His first step is explaining how Alteon is different from, say, Intrabiotics Pharmaceuticals Inc., which developed its product iseganan for mucositis associated with chemotherapy, only to see it fail in Phase III. The compound was repositioned against ventilator-associated pneumonia, but safety concerns derailed it in another pivotal trial, the study was stopped, and the company discontinued operations in 2005. That was an investor's nightmare.

To understand why alagebrium still has life, one must look at Alteon's whole history, Berkowitz said. While he noted he now is "playing Monday-morning quarterback, and doing so cautiously," since he was not with Alteon at the time, Berkowitz said early work with alagebrium always showed "stronger data for heart failure than hypertension" and there was positive nephropathy data, too. But a business decision had to be made and what Alteon management knew at the time was that the hypertension market was massive, most thought an approval in heart failure was best reached via a label for hypertension, and the FDA had not established well-defined, non-event-driven endpoints for heart failure.

Throw in that Alteon had been badly burned by nephropathy before, with pimagedine, and Alteon made a "reasoned, not capricious" call to chase hypertension, Berkowitz said.

That didn't work out as planned, but with Berkowitz as new CEO, the company is reconsidering its original data. They approached key opinion leaders in heart failure and nephropathy and discussed alagebrium in those indications. Those leaders "breathed a sigh of relief," Berkowitz said, and congratulated them on finally following the science.

While the clinical blow-ups have scared off investors, the failures also are "a blessing in disguise" for heart failure work, Berkowitz said, "because nothing would satisfy a cardiologist more than a drug that can improve ventricular filling and compliance in patients with heart failure, but not carry the side effects of hemodynamic instability." Alteon already has data showing the drug doesn't affect blood pressure - the failed trials produced useful data there.

Also, the heart failure market for pharmaceuticals now is growing, and the FDA has shown a willingness to consider heart failure drugs on exercise tolerance endpoints - both positive changes since Alteon first considered alagebrium.

So here sits Alteon: Although not everything it has done has delivered positive news, it does have an impressive amount of clinical work behind it, and two Phase II trials of alagebrium have shown relevant activity in diastolic heart failure. It recently said the Juvenile Diabetes Research Foundation would fund a Phase II study in nephropathy in Type I diabetics.

From the HaptoGuard merger, the company also has ALT-2074 - a glutathione peroxidase mimetic - in myocardial injury in diabetics undergoing angioplasty or similar interventions. Phase II data are expected around the end of the year.

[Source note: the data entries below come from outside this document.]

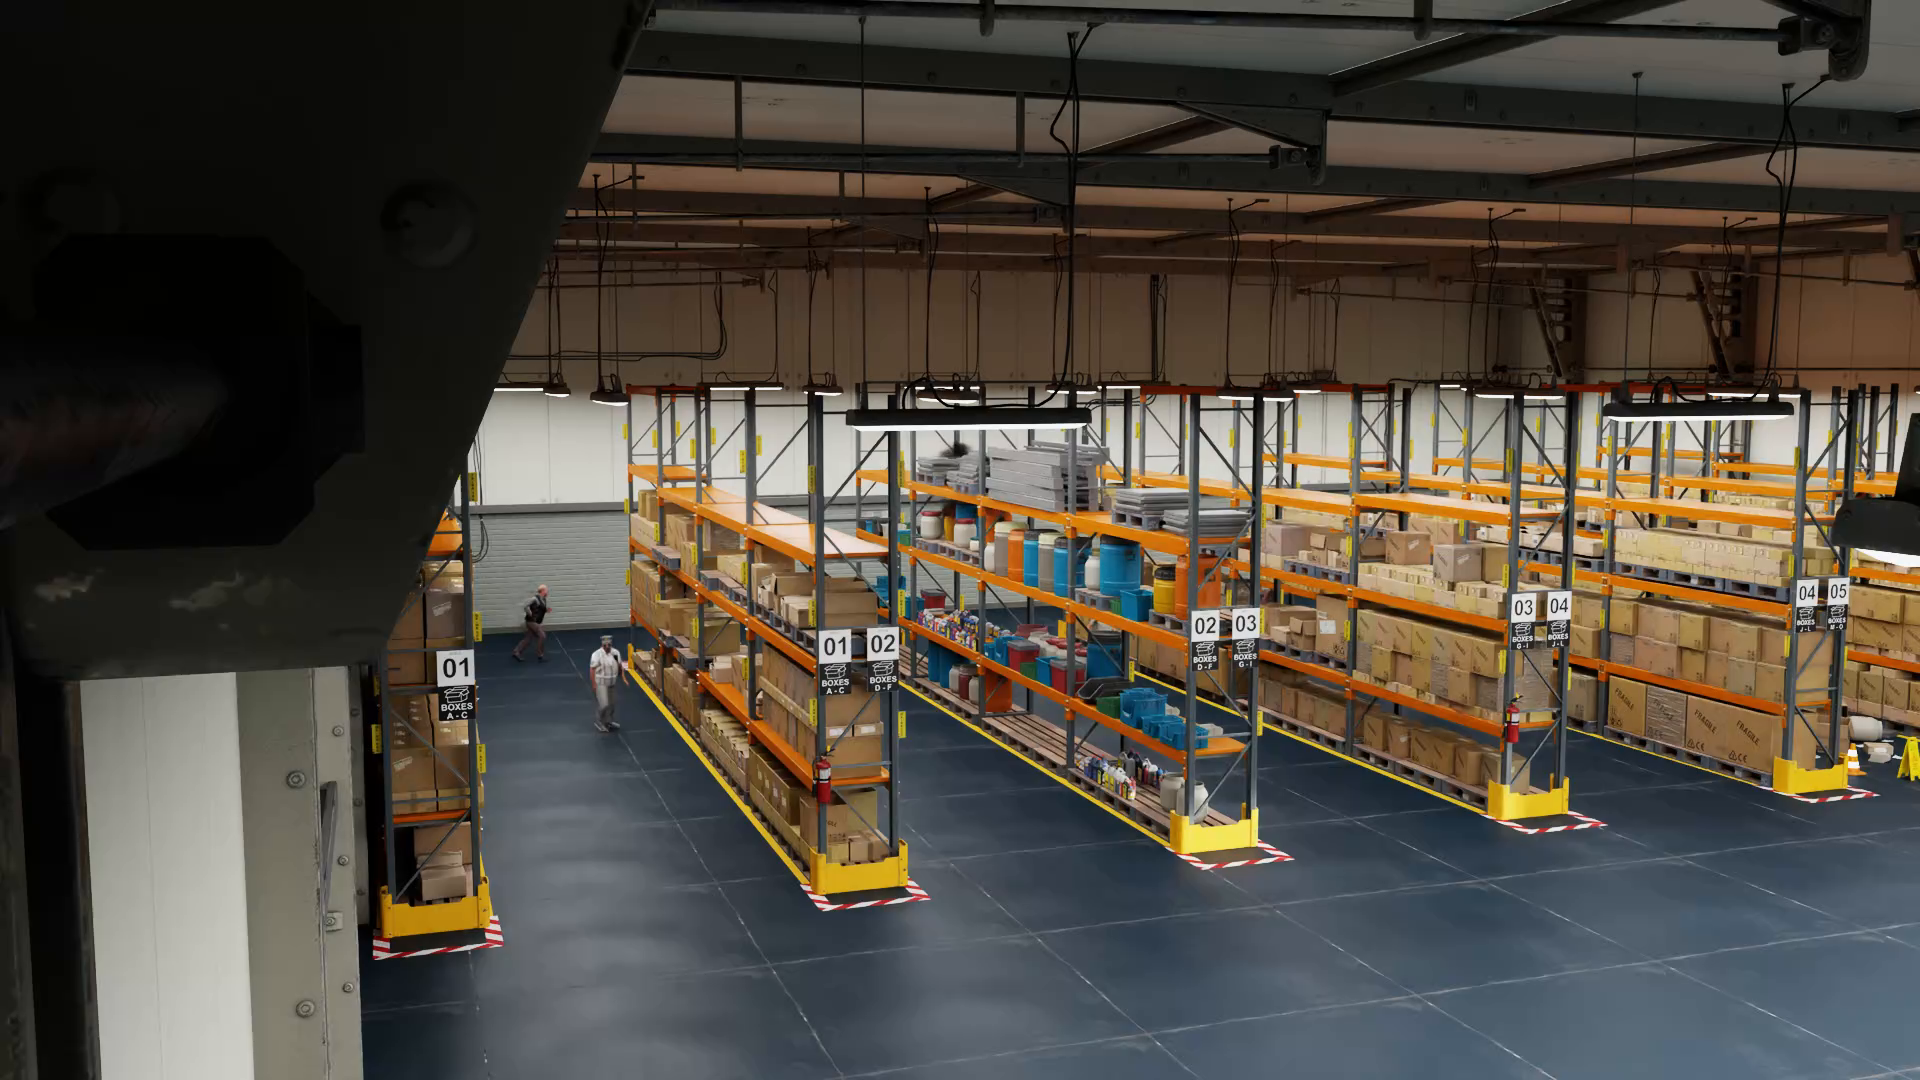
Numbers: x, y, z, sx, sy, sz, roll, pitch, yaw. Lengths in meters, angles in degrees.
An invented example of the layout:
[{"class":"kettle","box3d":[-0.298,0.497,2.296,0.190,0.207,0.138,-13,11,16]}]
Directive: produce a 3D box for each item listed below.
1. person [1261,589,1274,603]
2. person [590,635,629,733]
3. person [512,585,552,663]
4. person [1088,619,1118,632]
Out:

Still, even with two clinical products, a new CEO and management better suited to drive pharmaceutical development, the company has its work cut out for it. The Motley Fool in June named Alteon one of its 10 worst stocks - it has provided a negative 98.6 percent return to investors since 1996 - and David Trainer, president of New Contructs LLC, an independent research firm in Nashville, Tenn., gives Alteon the worst rating his firm uses: "very dangerous."

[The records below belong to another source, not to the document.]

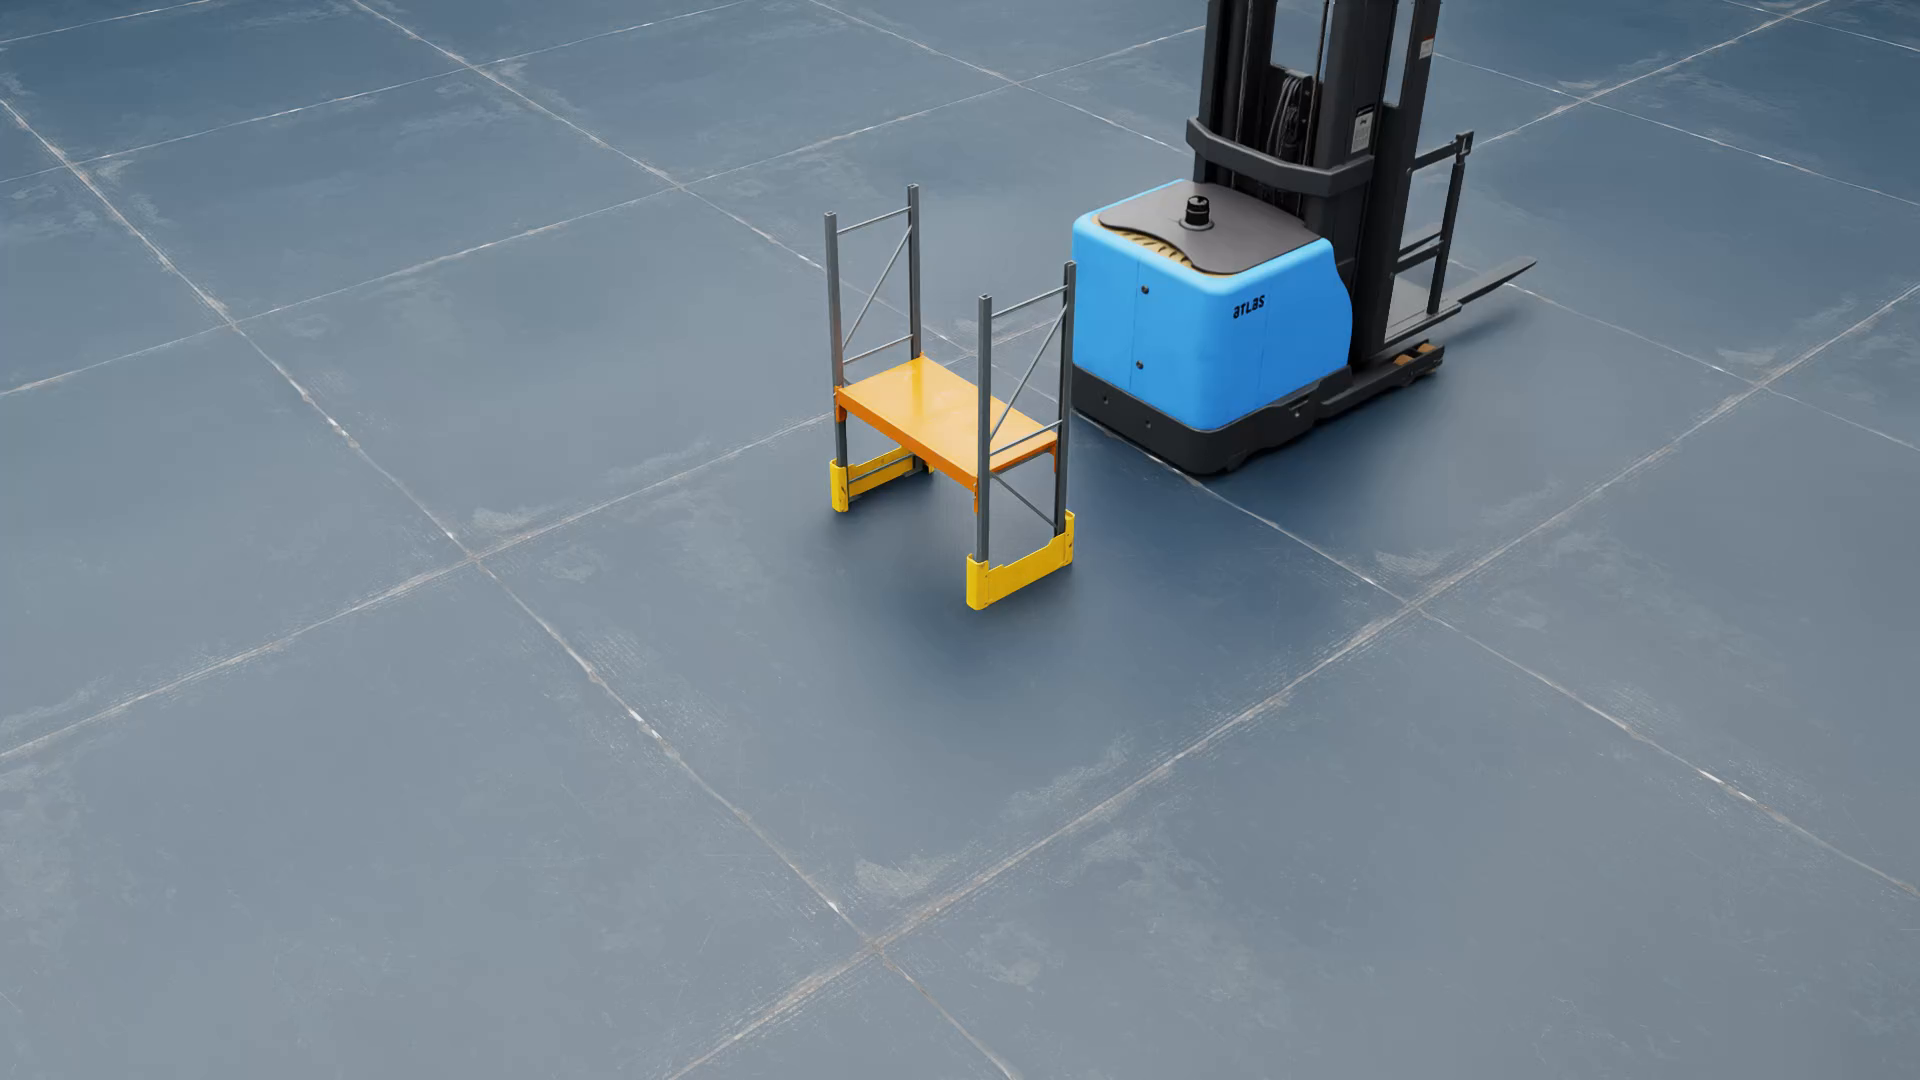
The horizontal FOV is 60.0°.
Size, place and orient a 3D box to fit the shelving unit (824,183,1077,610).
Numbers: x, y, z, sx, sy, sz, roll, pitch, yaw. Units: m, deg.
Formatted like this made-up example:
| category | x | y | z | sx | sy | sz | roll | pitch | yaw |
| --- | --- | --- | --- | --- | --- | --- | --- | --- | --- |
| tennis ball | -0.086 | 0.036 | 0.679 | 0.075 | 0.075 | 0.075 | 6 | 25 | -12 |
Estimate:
| category | x | y | z | sx | sy | sz | roll | pitch | yaw |
| --- | --- | --- | --- | --- | --- | --- | --- | --- | --- |
| shelving unit | -0.049 | -0.646 | 7.364 | 0.587 | 1.500 | 1.083 | -26 | 43 | -32 |

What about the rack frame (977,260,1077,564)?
| category | x | y | z | sx | sy | sz | roll | pitch | yaw |
| --- | --- | --- | --- | --- | --- | --- | --- | --- | --- |
| rack frame | 0.273 | -0.425 | 7.053 | 0.500 | 1.500 | 0.032 | -26 | 43 | -32 |

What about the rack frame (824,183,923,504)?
| category | x | y | z | sx | sy | sz | roll | pitch | yaw |
| --- | --- | --- | --- | --- | --- | --- | --- | --- | --- |
| rack frame | -0.383 | -0.874 | 7.687 | 0.500 | 1.500 | 0.032 | -26 | 43 | -32 |

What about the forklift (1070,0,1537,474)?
| category | x | y | z | sx | sy | sz | roll | pitch | yaw |
| --- | --- | --- | --- | --- | --- | --- | --- | --- | --- |
| forklift | 1.987 | -2.229 | 8.361 | 3.031 | 2.935 | 1.130 | -26 | 43 | -32 |

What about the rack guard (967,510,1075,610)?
| category | x | y | z | sx | sy | sz | roll | pitch | yaw |
| --- | --- | --- | --- | --- | --- | --- | --- | --- | --- |
| rack guard | 0.272 | 0.084 | 7.415 | 0.587 | 0.250 | 0.087 | -26 | 43 | -32 |

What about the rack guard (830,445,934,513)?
| category | x | y | z | sx | sy | sz | roll | pitch | yaw |
| --- | --- | --- | --- | --- | --- | --- | --- | --- | --- |
| rack guard | -0.371 | -0.356 | 8.036 | 0.587 | 0.250 | 0.087 | -26 | 43 | -32 |

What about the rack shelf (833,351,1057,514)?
| category | x | y | z | sx | sy | sz | roll | pitch | yaw |
| --- | --- | --- | --- | --- | --- | --- | --- | --- | --- |
| rack shelf | -0.055 | -0.503 | 7.474 | 0.538 | 0.185 | 1.000 | -26 | 43 | -32 |

"Investment is a game of buying and selling expectations," Trainer told BioWorld Financial Watch. "The bar for this stock is already set too high.

"There are roughly 3,000 stocks that Americans can choose from, and we cover all of them," he said. "There are many other better options out there than what Alteon provides. The valuation already considers that the management implies they will be much more successful than they have in the past."

The final sentiment Berkowitz would not argue with - he does expect better things ahead. How can others be convinced?

"You don't need insider information to review the dozens of articles that have been published on [alagebrium] in preclinical models," he said, and investors would be putting money into "a company that has a safety database in cardiovascular disease of more than 1,000 patients," and one that has a plan to file for heart failure in "several years."

"It's not easy" becoming CEO of a company with a stock price so low, he conceded, "but when you have something you believe in, you go for it."